-
Notifications
You must be signed in to change notification settings - Fork 172
Description
Is your feature request related to a problem? Please describe.
Right now accessing workspace storage account data from within Databricks is a little convoluted (if there is an easier way please let me know!):
- Get the workspace storage account data lake endpoint and account key
- Put the account key in a Databricks Secret (or just use it directly in notebooks, although this is definitely not best practice).
- Access the storage account directly from dbutils, e.g.
spark.conf.set(
"fs.azure.account.key.<storage-account-name>.dfs.core.windows.net",
dbutils.secrets.get(scope="<scope-name", key="storage-account-access-key-name"))
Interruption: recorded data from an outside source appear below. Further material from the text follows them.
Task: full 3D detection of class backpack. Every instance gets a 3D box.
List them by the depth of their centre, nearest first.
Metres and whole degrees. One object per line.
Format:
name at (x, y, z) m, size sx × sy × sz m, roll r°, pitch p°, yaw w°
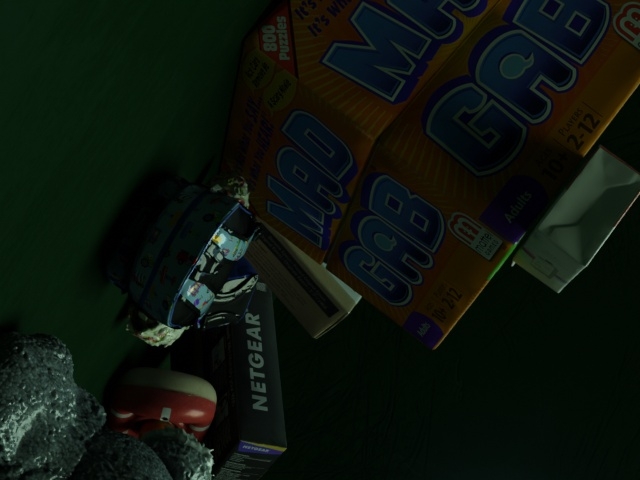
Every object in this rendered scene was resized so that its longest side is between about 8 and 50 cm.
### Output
backpack at (-0.144, 0.011, 1.254) m, size 0.158 × 0.117 × 0.173 m, roll -58°, pitch 177°, yaw -3°
backpack at (-0.160, 0.062, 1.585) m, size 0.120 × 0.101 × 0.098 m, roll -11°, pitch 132°, yaw -39°

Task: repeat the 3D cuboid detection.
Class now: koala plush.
koala plush at (-0.215, 0.202, 1.052) m, size 0.196 × 0.221 × 0.203 m, roll -53°, pitch 173°, yaw -50°

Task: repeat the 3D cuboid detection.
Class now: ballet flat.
ballet flat at (-0.161, 0.026, 1.465) m, size 0.077 × 0.091 × 0.241 m, roll 5°, pitch 115°, yaw -60°

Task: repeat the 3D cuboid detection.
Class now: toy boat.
toy boat at (-0.234, 0.282, 1.735) m, size 0.231 × 0.151 × 0.151 m, roll 114°, pitch -17°, yaw -53°

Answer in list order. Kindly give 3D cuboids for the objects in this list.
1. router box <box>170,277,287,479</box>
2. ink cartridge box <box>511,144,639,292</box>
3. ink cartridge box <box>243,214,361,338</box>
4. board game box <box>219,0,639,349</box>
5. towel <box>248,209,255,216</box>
router box at (-0.151, 0.242, 1.900) m, size 0.243 × 0.081 × 0.309 m, roll -52°, pitch -146°, yaw 42°
ink cartridge box at (0.271, -0.015, 1.304) m, size 0.115 × 0.067 × 0.198 m, roll -52°, pitch 173°, yaw -8°
ink cartridge box at (0.000, 0.000, 1.808) m, size 0.088 × 0.193 × 0.235 m, roll -39°, pitch -173°, yaw 37°
board game box at (0.136, -0.156, 1.470) m, size 0.356 × 0.356 × 0.356 m, roll -49°, pitch 172°, yaw -23°
towel at (-0.122, -0.038, 1.789) m, size 0.237 × 0.037 × 0.329 m, roll -58°, pitch 175°, yaw 10°
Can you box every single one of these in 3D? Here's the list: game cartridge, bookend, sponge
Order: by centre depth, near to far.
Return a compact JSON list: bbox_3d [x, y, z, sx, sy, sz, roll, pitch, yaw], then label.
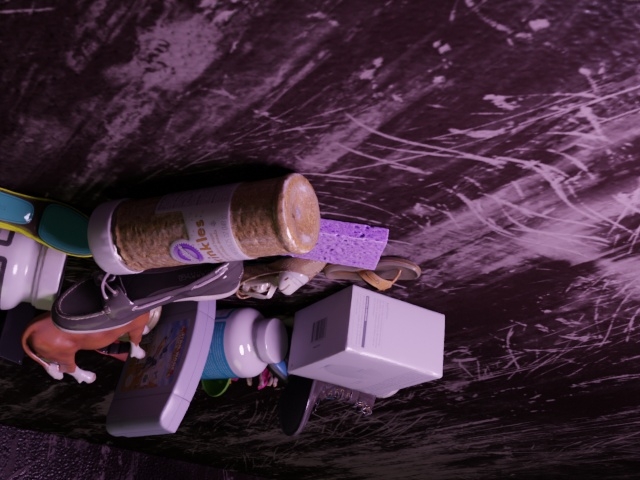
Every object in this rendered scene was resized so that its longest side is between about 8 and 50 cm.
[{"bbox_3d":[0.000,0.000,1.446,0.210,0.031,0.117,9,156,-5],"label":"sponge"},{"bbox_3d":[-0.305,0.234,1.724,0.198,0.297,0.062,-19,137,41],"label":"game cartridge"},{"bbox_3d":[-0.699,0.184,1.881,0.156,0.157,0.072,-8,152,28],"label":"bookend"}]

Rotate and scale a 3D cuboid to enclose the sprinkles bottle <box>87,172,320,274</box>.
[{"bbox_3d":[-0.181,-0.022,1.335,0.355,0.121,0.121,-7,153,26],"label":"sprinkles bottle"}]

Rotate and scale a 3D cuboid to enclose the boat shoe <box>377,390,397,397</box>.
[{"bbox_3d":[0.115,0.345,2.160,0.184,0.066,0.063,-5,156,46],"label":"boat shoe"}]

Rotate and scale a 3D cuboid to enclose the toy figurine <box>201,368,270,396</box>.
[{"bbox_3d":[-0.198,0.310,2.117,0.159,0.130,0.173,14,178,-39],"label":"toy figurine"}]

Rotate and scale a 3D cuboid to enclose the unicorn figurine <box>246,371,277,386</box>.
[{"bbox_3d":[-0.133,0.284,2.049,0.060,0.111,0.162,3,174,19],"label":"unicorn figurine"}]

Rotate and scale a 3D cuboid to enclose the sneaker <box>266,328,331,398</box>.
[{"bbox_3d":[-0.047,0.299,2.014,0.139,0.125,0.341,-6,151,36],"label":"sneaker"}]

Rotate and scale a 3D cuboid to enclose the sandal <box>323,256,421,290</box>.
[{"bbox_3d":[0.089,0.064,1.544,0.180,0.049,0.072,-2,155,19],"label":"sandal"}]

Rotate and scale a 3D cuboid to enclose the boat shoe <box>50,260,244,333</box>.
[{"bbox_3d":[-0.293,0.067,1.501,0.335,0.112,0.095,-13,144,-19],"label":"boat shoe"}]

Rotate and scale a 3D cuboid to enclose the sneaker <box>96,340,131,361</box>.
[{"bbox_3d":[-0.374,0.238,2.012,0.314,0.116,0.136,17,165,-7],"label":"sneaker"}]

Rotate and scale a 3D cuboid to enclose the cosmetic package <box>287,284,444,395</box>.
[{"bbox_3d":[0.090,0.204,1.748,0.225,0.138,0.224,21,152,-26],"label":"cosmetic package"}]

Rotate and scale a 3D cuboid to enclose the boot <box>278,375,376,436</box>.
[{"bbox_3d":[0.037,0.330,1.916,0.091,0.263,0.229,-5,149,47],"label":"boot"}]

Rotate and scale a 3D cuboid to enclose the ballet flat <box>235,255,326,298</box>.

df = spark.read.json("dbfs:/databricks-datasets/iot/iot_devices.json")
Describe the solution you'd like
It would be a lot easier if the Databricks workspace service automatically created a Unity Catalog pointing to the datalake container.
This would require the following steps to be automated:
- Grant the Databricks managed identity Storage Blob Data Contributor on the workspace storage account.
- There is already a Databricks Credential set up to use the managed identity, so a new one does not need to be created.
- Create an External Location in Databricks Unity Catalog configured to access the
datalakecontainer in the workspace storage account (stgwsNNNN). - Create a Catalog in Unity Catalog configured to access the external location.
- All of the above steps can be performed via Terraform included in the Databricks Workspace Service (there is a first party terraform provider for databricks; their databricks CLI actually uses terraform internally to perform most of its functionality).
This would allow Databricks users to immediately start working with files/data in the datalake container.
Describe alternatives you've considered
Manually accessing the storage account via the code up above works, but is cumbersome and requires multiple manual steps/connections.
Additional context
Unity Catalog is the preferred method for Databricks to access cloud storage at this point.